Prepared for the President’s Council on Bioethics

Human Embryonic Germ Cells: June 2001 – July 2003


John Gearhart, PhD
C. Michael Armstrong Professor
Institute for Cell Engineering
Johns Hopkins Medicine
Baltimore, MD 21287


July 2003

 

There have been but two original research articles published on human embryonic germ cell in the period covered by this report. It is appropriate that only peer-reviewed articles be considered in this report, as the field of stem cell research is rife with undocumented or unsubstantiated claims. There have been several publications on EG cells derived in mice and chick and comment will be made on these reports as they may impact on the eventual use or study of the human cells.

There is a concern, given the imprinting-based developmental abnormalities observed in humans, and those that have been produced experimentally in animals, that dysregulated gene expression in stem cell derived tissues could pose a serious problem in the use of such tissues for cell-based therapies. Genomic imprinting is defined as an epigenetic modification of the DNA (other than sequence) in the germ line that leads to the preferential expression of a specific allele (monoallelic expression) of some genes in the somatic cells of the offspring in a parental dependent manner. Because a maternal gene allele may be a paternal allele in the next generation, the imprinting must be reprogrammed in the germ line, that is, the epigenetic ‘marks’ must be erased (during germ cell development) and established in the newly formed embryo. The timing of the erasure in humans is not known. Imprinting involves methylation at specific sites in the DNA and most likely, other changes as well.
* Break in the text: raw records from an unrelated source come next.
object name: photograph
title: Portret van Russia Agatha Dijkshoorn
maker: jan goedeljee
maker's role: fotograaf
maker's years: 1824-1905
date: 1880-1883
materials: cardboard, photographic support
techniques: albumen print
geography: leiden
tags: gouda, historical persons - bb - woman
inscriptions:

There have been several reports from experiments with the mouse that indicate that imprinting is abnormal in pluripotent stem cells derived from mouse embryos. These studies include abnormal or variable imprints in mouse EG cells, abnormal imprints in ES cells derived from interspecific crosses, and abnormal gene expression in mice derived from ES cell nuclear transfer.

The results of the study by Onyango et al. utilizing EG cell lines derived at John Hopkins, clearly demonstrate that general dysregulation of imprinted genes will not be a barrier to their use in transplantation therapies. The report has determined that the EG cells are not imprinted, that is, imprinting has been erased in the primordial germ cells that gave rise to the EG cells, that the erasure is maintained in the EG cells, but in all informative cases, they observed the transcription of only a single allele in differentiated cells derived from the human EG cells. These results, although on a limited number of lines and only a few imprinted genes, would indicate that these human EG cell lines will serve as reliable and safe sources for the study of EG cell differentiation and, perhaps, cells for cell-based interventions.
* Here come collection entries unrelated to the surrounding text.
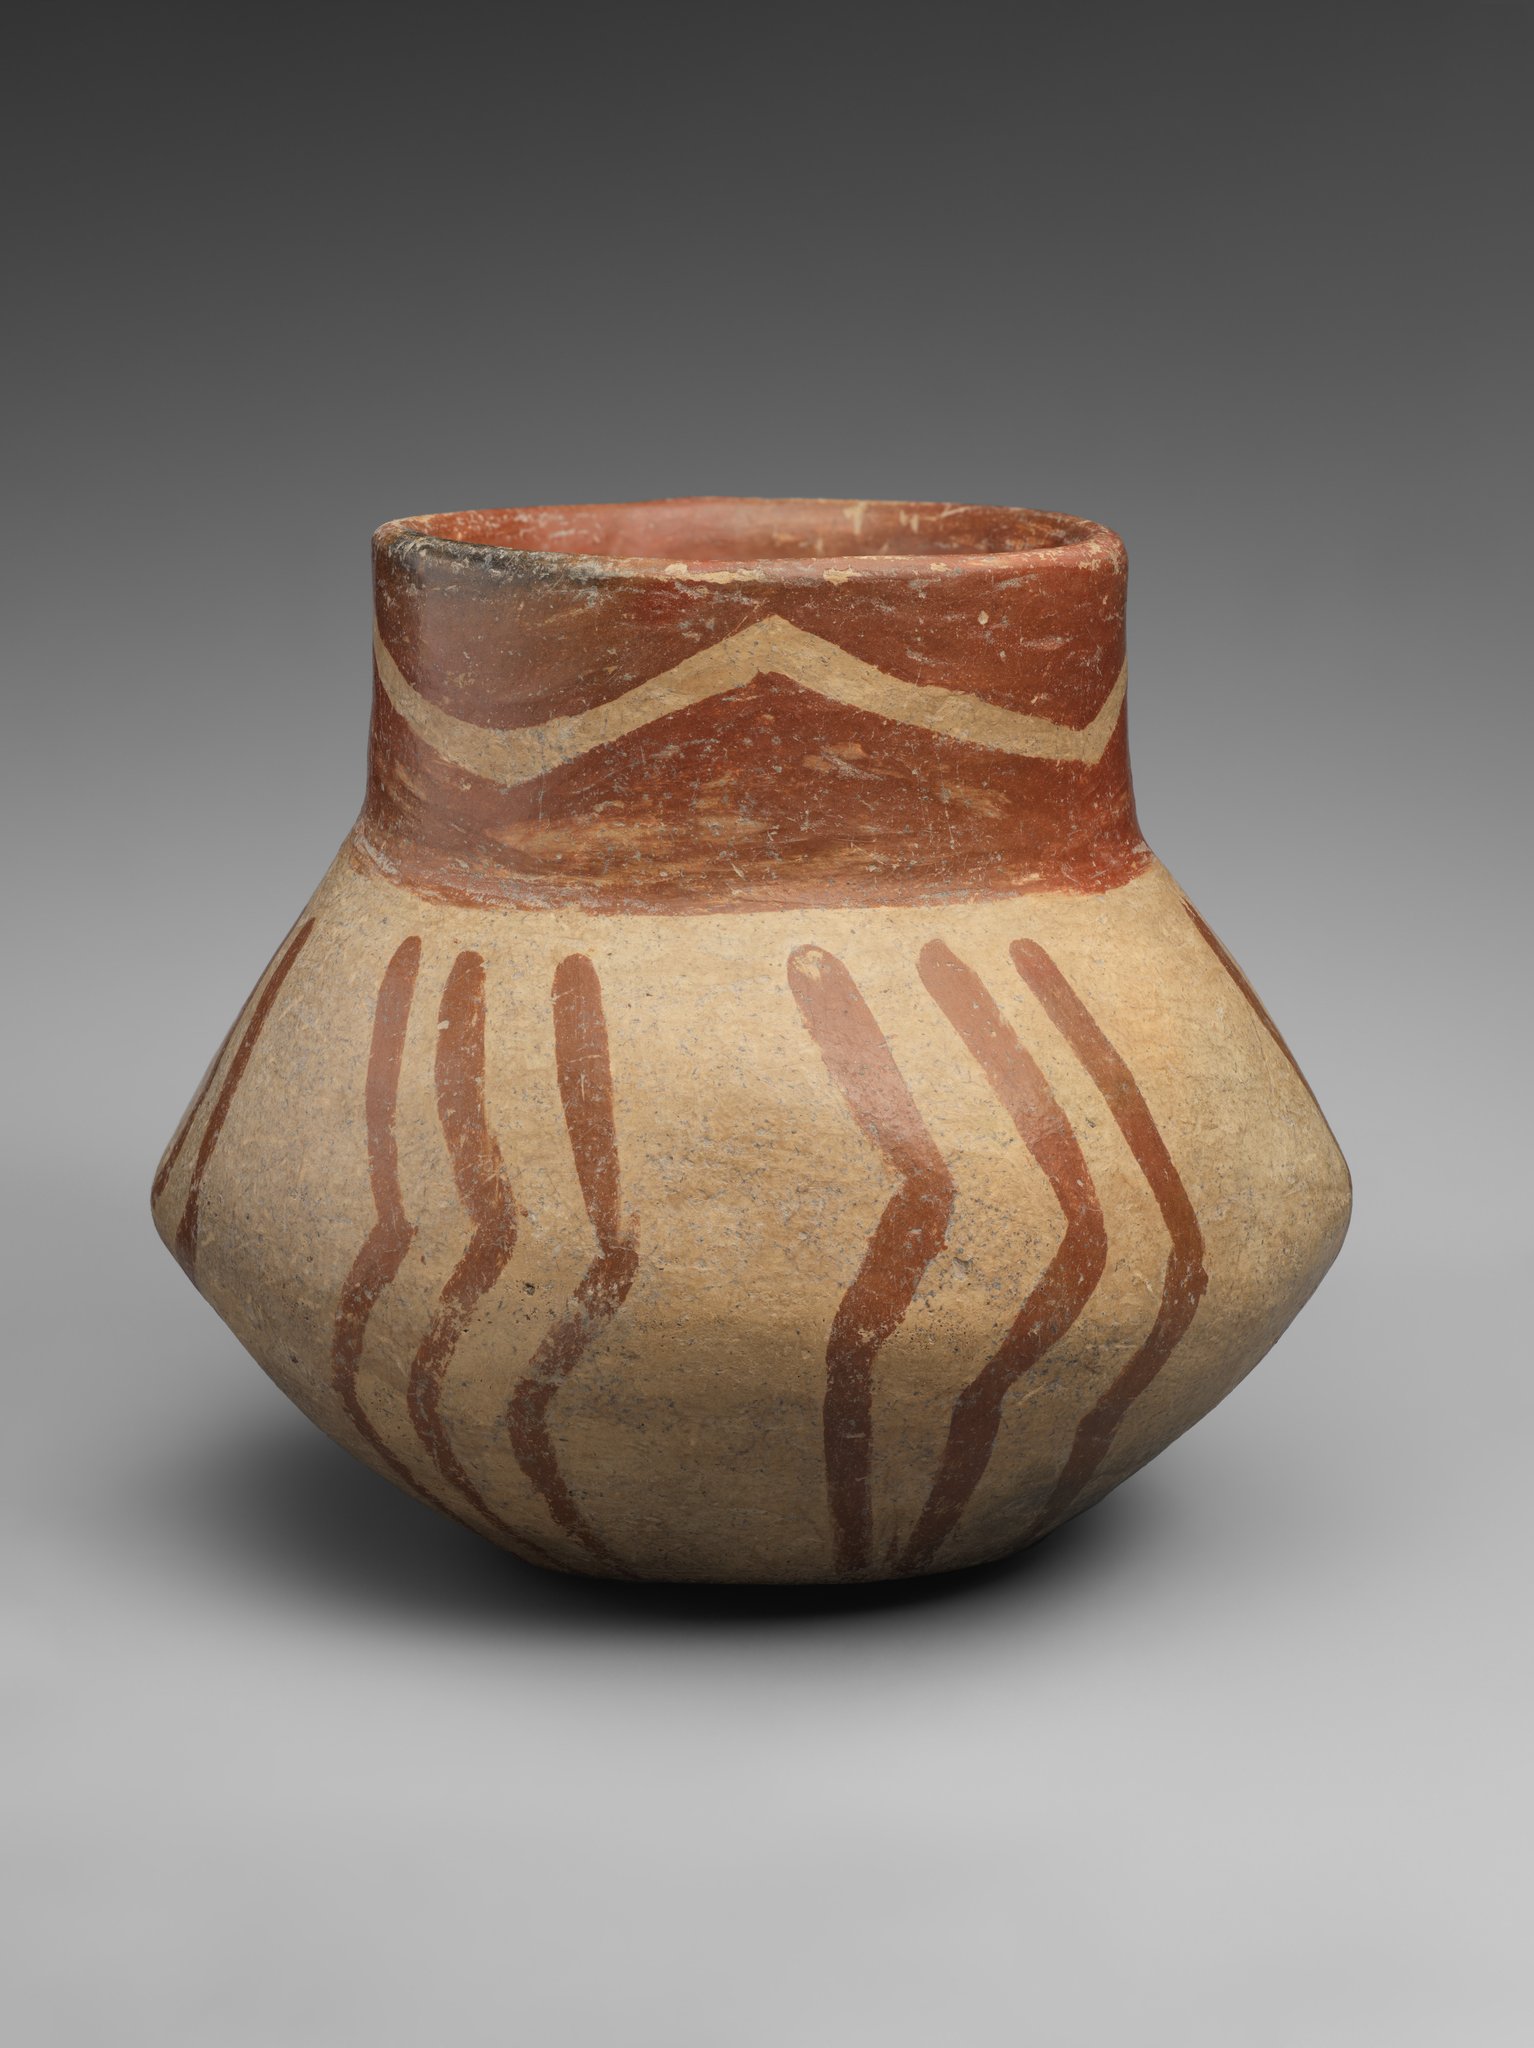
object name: vessel
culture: hacilar
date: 5600-5400 BCE
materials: ceramic, paint
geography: southwestern anatolia

Another area of interest in genetic regulation within EG cells is that of X inactivation, the mammalian method for equalization of the dosage of X-linked genes in males and females. This equalization is accomplished by the down regulation of the transcriptional output of the X chromosomes in females, so that only one X is active in diploid somatic cells of both sexes. Inactivation is initiated in female blastocysts. Both X chromosomes in female primordial germ cells are active. Migeon et al. (2001) have demonstrated that in the very early stages of differentiation of cells from human EGs, only one X chromosome is active, indicating normal genetic regulation has occurred. In a report by Nesterova et al. (2002) on the use of mouse female EG cells in the study of X chromosome inactivation/reactivation during primordial germ cell migration and EG cell formation. Both X chromosomes appear to be active in XX EG cells, and presumably, one becomes inactive when cells differentiate from the EG cells.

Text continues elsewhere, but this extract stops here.